Monday 8 February 2016

Teams R SEXI

In this post, I will explore what makes a good Development Team in Scrum from an organizational perspective.

Great teams

When it comes to structuring the Development Team, the Scrum Guide tells us that the team is “cross-functional, with all of the skills as a team necessary to create a product increment” and that the team should be structured to “organize and manage their own work”. Finally, we learn that the team should have between 3 and 9 developers, to be able to contain all the skills required while not increasing management complexity beyond the level self-organization can casually deal with.


Over the past few years, I have helped some clients to improve their teams’ setup and structure, and found that there are more criteria that the Scrum Guide only hints at but never mentioned explicitly.

Have few dependencies

While Scrum expects the team to be able to provide the product increment on their own, corporate reality often sees products with a scope much larger than what a single team can produce in reasonable time.
You may have read about scaling approaches like LeSS, and their call for feature teams. Rare is the product, though, where splitting into features is possible the moment your start with Scrum.


To alleviate the situation, I look for a setup where inter-team dependencies are as few as possible. In an ideal case, this means that the team has one team to receive input from and one more team to deliver output to.
For work to flow, the team has to be independent from other teams. Define your teams so that their scope covers a large, uninterrupted piece of the value chain, and integrate technical concerns as much as possible.
That way, you will reduce the number of handovers both in planning and in the actual work done.

Stay together

In a corporate environment, projects start and stop all the time. Project managers vie for resources, eyes on the deadline, not on the social effects. For team members, this means that today’s colleague may be gone tomorrow – so each of them looks out for their own piece of work first and foremost.
When introducing Scrum in such an environment, I emphasize the twin values of stability and reliability.
It takes a stable environment for employees to benefit from investing in the team’s success rather than their own achievements. Team members learn to trust each other over time and start to co-operate. In a stable teams, members can learn each other’s abilities and preferences – and that’s what it takes to get better.
Reliability, meanwhile, means that team members are on the team, period. Splitting people between projects eats up time beyond the numbers in your spreadsheet, as it introduces interruptions in the form of urgent requests from outside projects.
Now, any corporation worth the name will have a complex resource distribution in place already, and you will be hard pressed to change it all at once. What to do?
Allot people to the product as much as possible, and encourage them to block fixed slots of time for working on the product. If necessary, suggest they turn off phones, chat and mail clients; empower them to postpone dealing with incoming requests till team time is over.
That way, their team can learn rely on them, and teamwork improves.

Learn from each other

Remember what the Scrum Guide said? “Teams organize and manage their own work.”
It takes a certain level of experience to do that, and I have frequently heard managers or Scrum Masters complain that their team is not yet ready for this level of freedom – and next coordinate the work themselves, trampling the sprouts of self-organization.
So, it takes experience for the team to self-organize, and it takes laissez-faire.
The best teams I worked with did not consist of veterans only, though, since less experienced team members bring two crucial factors to the team: By embracing their curiosity, they challenge long-standing practices; by working with several of their more senior colleagues, they foster communication.
So, when building a team, I look for a good mix of old hands and new to make learning happen and self-organization possible, while still having all the skills to actually build the product.

Make work flow

This concludes my thoughts about criteria to watch out for when building great teams:
reliabilty, stability, experience, cross-functionality and independence.

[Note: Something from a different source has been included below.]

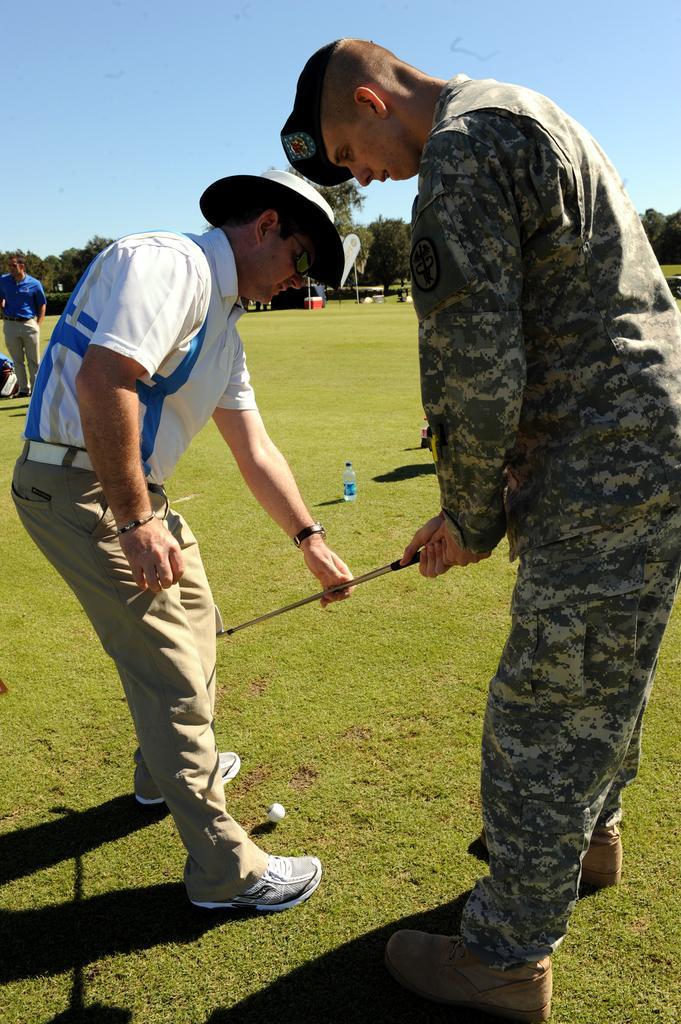Please provide a concise description of this image. In this image, we can see two persons wearing clothes and holding a stick with their hands. There is a golf ball at the bottom of the image. There is an another person on the left side of the image standing and wearing clothes. There are some trees in the middle of the image. At the top of the image, we can see the sky.

So, when you are next thinking about how to improve your team, just think “Teams R SEXI”, and you are well on your way:


Reliable
Stable
Experienced adequately
X-functional and
Independent


Mind, though, that these criteria are strongly skewed towards the organizational perspective and pay no heed to the more mushy, social criteria that are well worth considering as well.

What criteria do you apply to find your teams? Did you go at it from an entirely different angle? 
I am looking forward to your comments.